I tried to tell my new gastroenterologist how awesome he was today, how grateful I was for the considerate, thoughtful care that he gave me. Then I started to tear up and I clammed up. And this is how awesome he is, he said, "I know the Prednisone makes you cry, I know this isn't you. And it was my total pleasure to take care of you.". Uhm of course that didn't help my condition.I am not one of those chicks who can just cry and move on. When I cry my eyes immediately swell, my face, neck and chest get red and blotchy, my nose runs, my voice gets shaky and I sound like a 12 year old boy going through puberty. It's like I am allergic to tears. So as soon as I shut myself down out of embarassement, my new doc laughed and said, "Some people actually get giddy on steroids. ". Holy shit, giddy?! I love giddy!
Starting tommorrow I get to reduce the Prednisone by 10 mg and will continue to reduce by 10 mg each week for the next 4 weeks. Phew! I will soon feel like the garden below.




Ok not really but that's my goal.







And we forgot our anniversary. Erik and I just totally forgot that October 4th was our 6 year wedding anniversary. So this weekend I nailed down Saint Sarah and we are going for volcanic ash baths and 60 minute massages in Calistoga and some dinner.







Every day is looking up!!!!!!!!!!



10 comments:

Clare said...

You are such a great chick. I am so happy that you are my friend and you are such a strong woman. I LOVE that you have a great gastro. now. Oh, those pictures made me laugh. Isn't it nice to have husbands that rock?

Claudya Martinez said...

Happy Anniversary! Ours was on Oct. 5th.

essbesee said...

So glad you've been cleared to eat more foods and can cut back on the Prednisone. I just got off the phone w/my husband and we decided not to give our 2 yr. old prednisone (as prescribed last night at the ER). After reading your side effect list, I feel more than confident in our decision.

essbesee said...

p.s. happy belated anniversary!

Charlotte said...

Wow, Sherri, I am so glad I could help. It's really a last resort option. Of course if he really needed it, but if there are other choices I support you 100%! And thanks for the Happy Anniv.!

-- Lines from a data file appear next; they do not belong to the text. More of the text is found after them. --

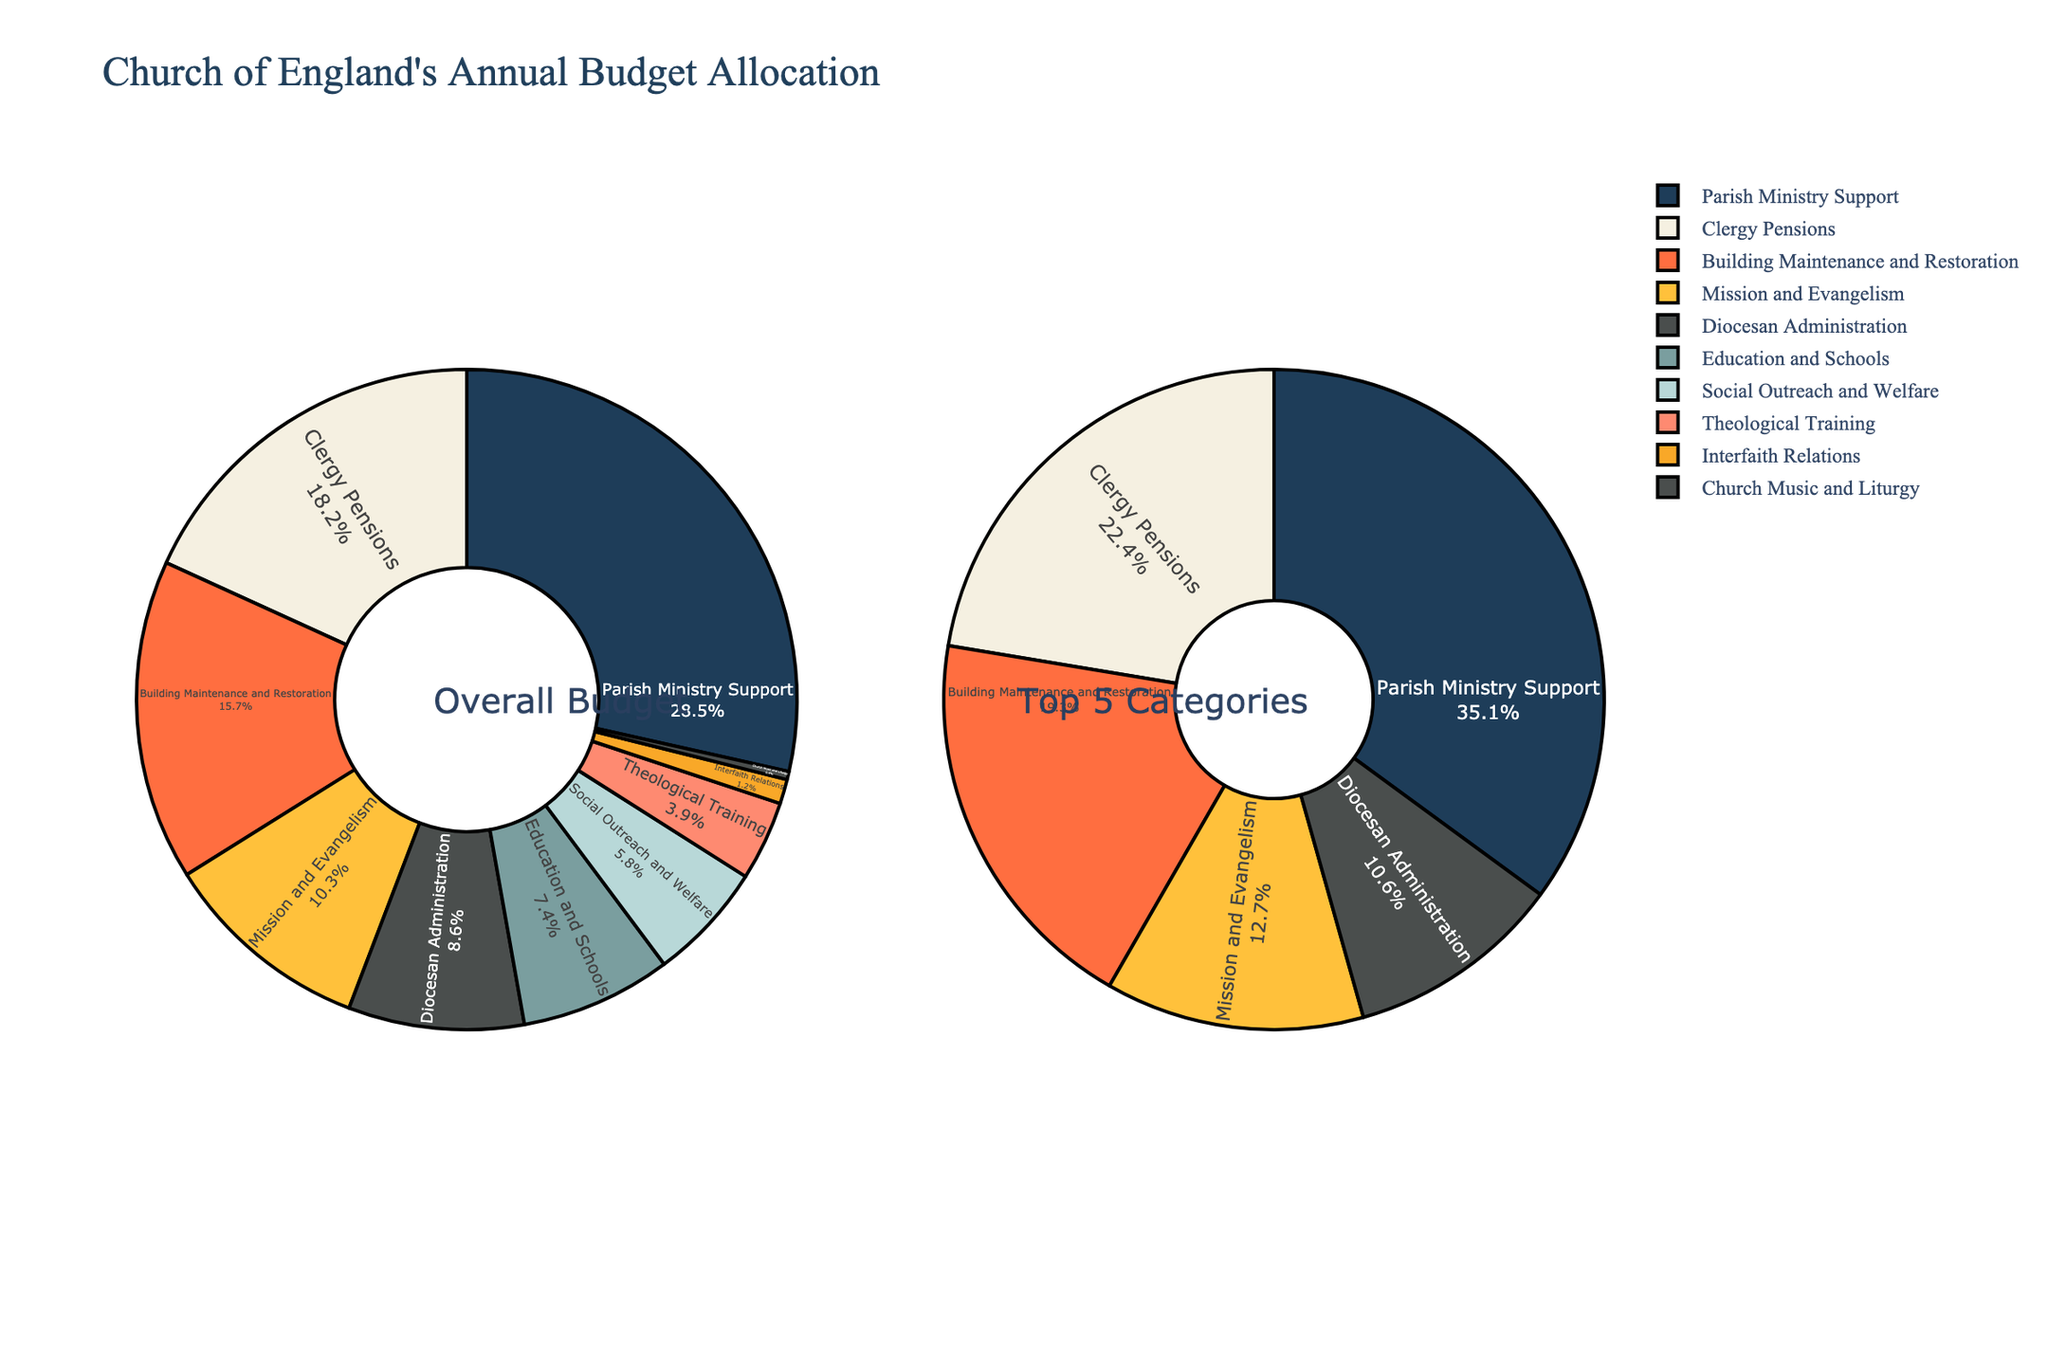Which category receives the highest percentage of the Church of England's annual budget? By examining the pie chart, we can see that the "Parish Ministry Support" category takes up the largest slice of the pie.
Answer: Parish Ministry Support Which category receives a smaller percentage of the budget: Building Maintenance and Restoration or Diocesan Administration? By comparing the sizes of the respective pie slices, we can see that "Building Maintenance and Restoration" receives 15.7%, while "Diocesan Administration" receives 8.6%.
Answer: Diocesan Administration Which two categories have the smallest allocations, and what are their combined percentages? By looking at the pie chart and identifying the smallest slices, we find that "Church Music and Liturgy" (0.4%) and "Interfaith Relations" (1.2%) are the smallest. The combined percentage is 0.4% + 1.2% = 1.6%.
Answer: Church Music and Liturgy, Interfaith Relations; 1.6% What's the combined percentage of the top 3 budget allocations? The top 3 categories based on their allocation percentages are "Parish Ministry Support" (28.5%), "Clergy Pensions" (18.2%), and "Building Maintenance and Restoration" (15.7%). Adding these together: 28.5% + 18.2% + 15.7% = 62.4%.
Answer: 62.4% How does the allocation for "Mission and Evangelism" compare to that for "Education and Schools"? From the pie chart, "Mission and Evangelism" receives 10.3% of the budget, while "Education and Schools" receives 7.4%. This shows "Mission and Evangelism" has a higher allocation.
Answer: Mission and Evangelism receives more What is the average percentage allocation for the top 5 categories? The top 5 categories are "Parish Ministry Support" (28.5%), "Clergy Pensions" (18.2%), "Building Maintenance and Restoration" (15.7%), "Mission and Evangelism" (10.3%), and "Diocesan Administration" (8.6%). Summing these percentages: 28.5% + 18.2% + 15.7% + 10.3% + 8.6% = 81.3%. The average is 81.3% / 5 = 16.26%.
Answer: 16.26% Which category has nearly double the budget allocation of "Social Outreach and Welfare"? The percentage allocation of "Social Outreach and Welfare" is 5.8%. Doubling this is approximately 11.6%. "Mission and Evangelism," at 10.3%, is closest but not quite double. Hence, there isn't a category that is exactly double; however, "Mission and Evangelism" (10.3%) is the closest.
Answer: Mission and Evangelism What is the percentage difference between "Parish Ministry Support" and "Theological Training"? "Parish Ministry Support" receives 28.5%, and "Theological Training" receives 3.9%. The difference is 28.5% - 3.9% = 24.6%.
Answer: 24.6% Which categories combined account for about one-third of the budget? One-third of the budget is approximately 33.33%. By examining the pie chart, we see "Parish Ministry Support" (28.5%) + "Theological Training" (3.9%) totals 32.4%, which is closest to one-third.
Answer: Parish Ministry Support and Theological Training

Clare I love you too and yes rocking husbands make all the difference in the world. Think about Jon Gosselin, what a douche.

Happy Anniv. to you too Mami! I love Oct. weddings!

Hey I lost a follower do you think it was the LSD comment?

Fantastic Forrest said...

That is cause for great celebration indeed! So sorry you have experienced all these dreadful side effects.

Hope your ash baths (that sounds kind of dirty) and massages and dinner were splendid.

Charlotte said...

I opted for Lavendar at the last minute and made the right decision! Thanks for the kind words!

denverdoc said...

One of my friends who is also my patient and most importantly is an artist, drew this picture of herself on prednisone:
http://femailhealthnews.blogspot.com/2009/09/can-prednisone-make-me-feel-crazy.html

Nice blog.

Charlotte said...

That picture is totall it. I realized I was holding my breath while looking at it. Ugh! But I am down to 20mg this wk, 10mg next and then 0! I can't wait!!

Thanks for checking me out I will chick out your blog too. My hubs is a PCP as well.

Sri said...

Hi,
I found your blog when I googled for prednisone. I do not know for what treatment you are on prednisone. I thought I would share my experience with my prednisone. I took it for almost an year to treat ulcerative colitis and I developed cataracts when I was just on 2.5 mg. Please make sure that you are off of it as soon as you can.